In May, the city of Baltimore was crippled by a ransomware attack. The city’s voicemail, email, parking fines database, and billing systems were all taken offline. As more news of the attack surfaced, we learned that the tool used in the attack, EternalBlue, targeted a year-old vulnerability and that this wasn’t the first time Baltimore had dealt with ransomware.
At the time of writing, Baltimore is still recovering. According to the Baltimore Sun, at least one city official has been indicted on charges of fraud, taking advantage of the attack to pocket nearly five hundred dollars of cash. The city’s IT department also lost dozens of timesheet records due to the ransomware.
No backups. Inadequate network monitoring and threat detection software. Outdated software and systems. Nearly everything the city could do wrong, it did, short of actually paying the ransom.
The Baltimore attack was just one more in an epidemic of ransomware targeting state and municipal governments, says CNet. As reported by City Journal Magazine, this includes 23 cities in Texas. More recently, at least four major cities have joined that ever-growing list of victims.
New Orleans, Louisiana; Pensacola, Florida; Galt, California; and St. Lucie, Florida were all hit last month, says CBS News. While it’s unclear if all four were connected, one group, known as Maze, has claimed responsibility for the Pensacola attack. Cybersecurity firm Deloitte has been hired by the city to investigate.
At this point, one thing is clear. This problem is not going to go away. Ransomware will continue to sweep through both the private and the public sectors.
And the organizations that suffer the most damage at its hands will be the ones that are caught unprepared.

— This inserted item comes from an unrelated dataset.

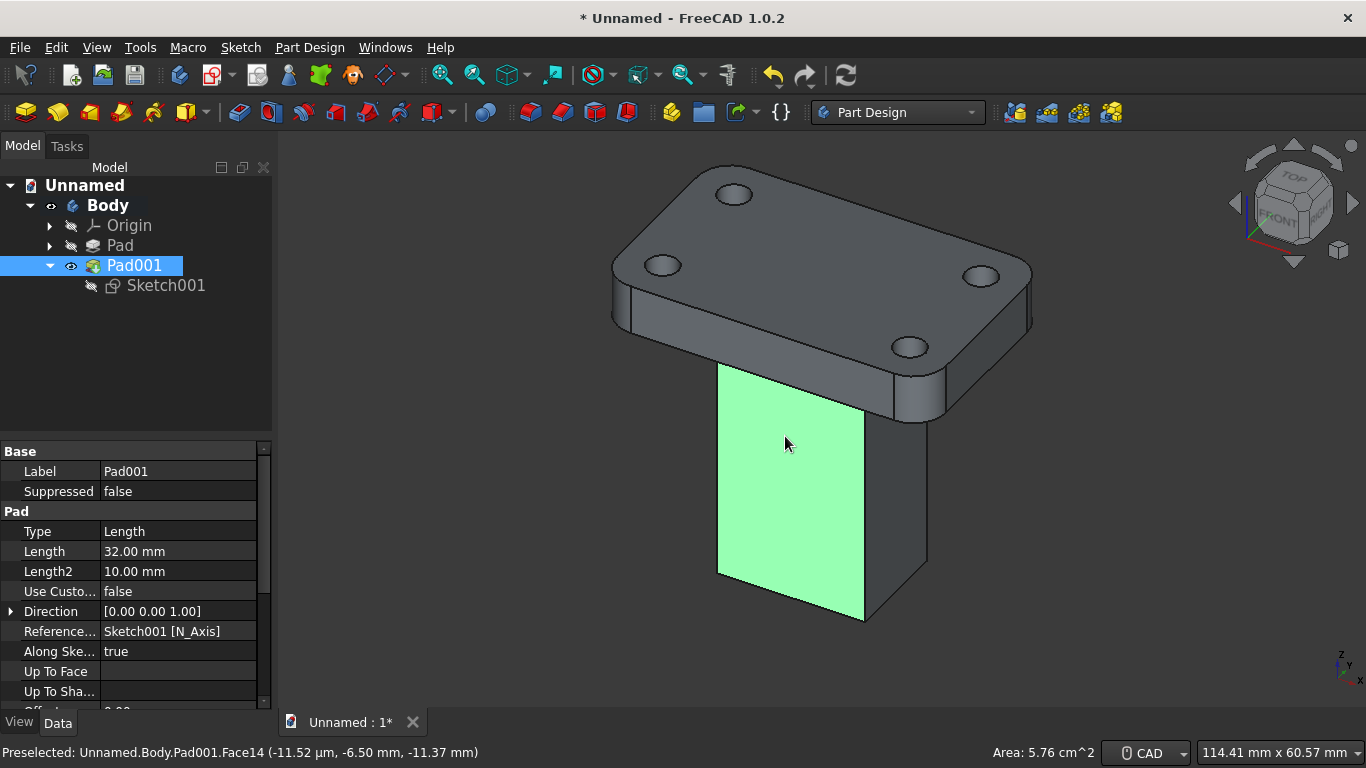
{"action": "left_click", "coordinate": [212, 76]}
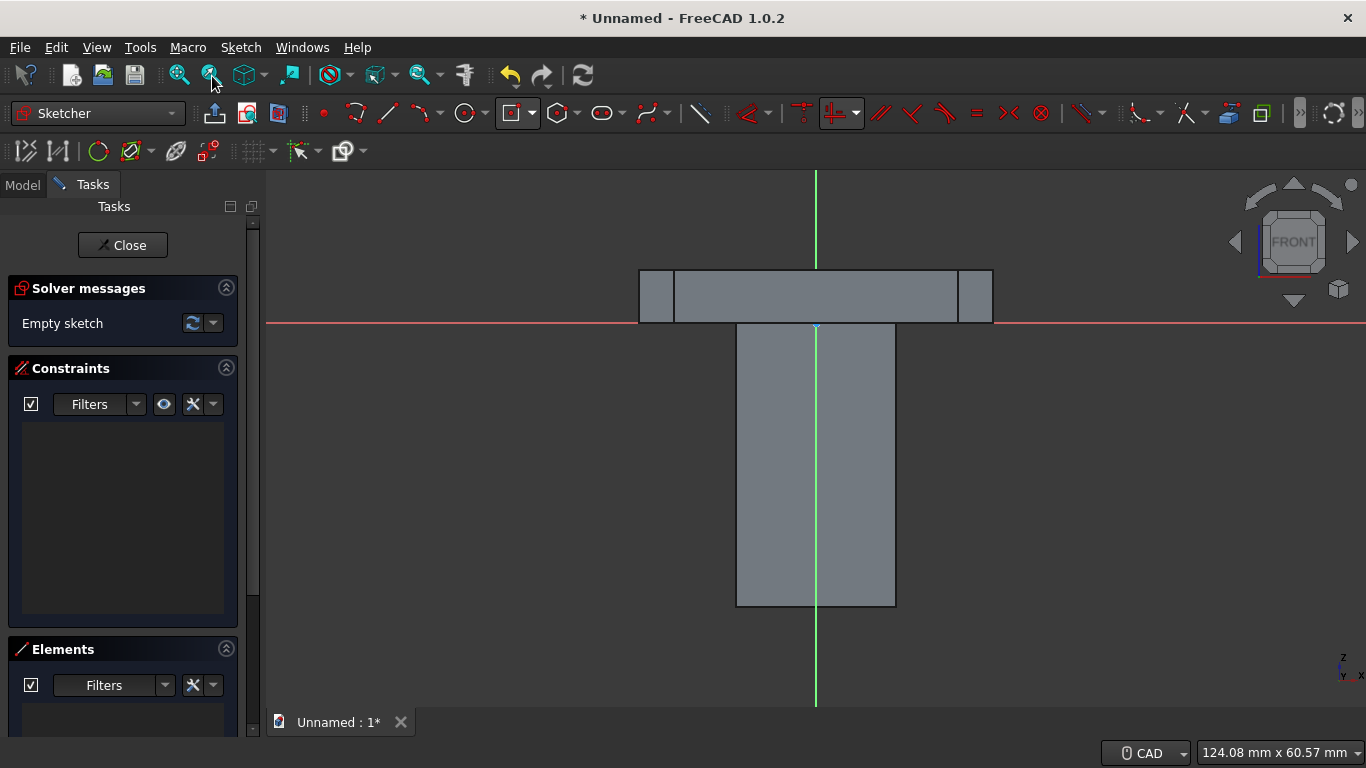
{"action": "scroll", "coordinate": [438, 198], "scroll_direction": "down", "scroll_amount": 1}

In the case of the New Orleans attack, the city actually handled itself quite well. As reported by news aggregate MSSP Alert, officials detected suspicious activity on its networks shortly before the attack occurred on Dec. 13. A few hours later, by 11 a.m., the city’s IT department had notified all staff, advising them to power down all devices and disconnect them from the city’s network.
The city has also announced that it indents to raise its cyber insurance coverage to $10 million in 2020.
The city’s response to this attack wasn’t perfect. But it was better than how Baltimore reacted. And along with what Pensacola did, it touches on several things we’ve long maintained are critical to defending against ransomware.
These include:
- Keeping all systems up to date.
- Maintaining a network in which systems can be easily air-gapped or disconnected in the event that they are compromised.
- Maintaining network monitoring processes that immediately alert you to suspicious activity.
- Paying out for cyber-insurance that includes ransomware under its umbrella.
- Bringing in external experts to cover any knowledge and talent gaps.
- Staying abreast of new attack vectors and techniques used by cyber-criminals.
Ransomware is one of the oldest breeds of cyberattack, yet it’s also one of the most successful. The good news is that protecting yourself against it is simply a matter of preparation. The more you know and the more measures you take to protect your network, the less likely you’ll be to suffer an attack.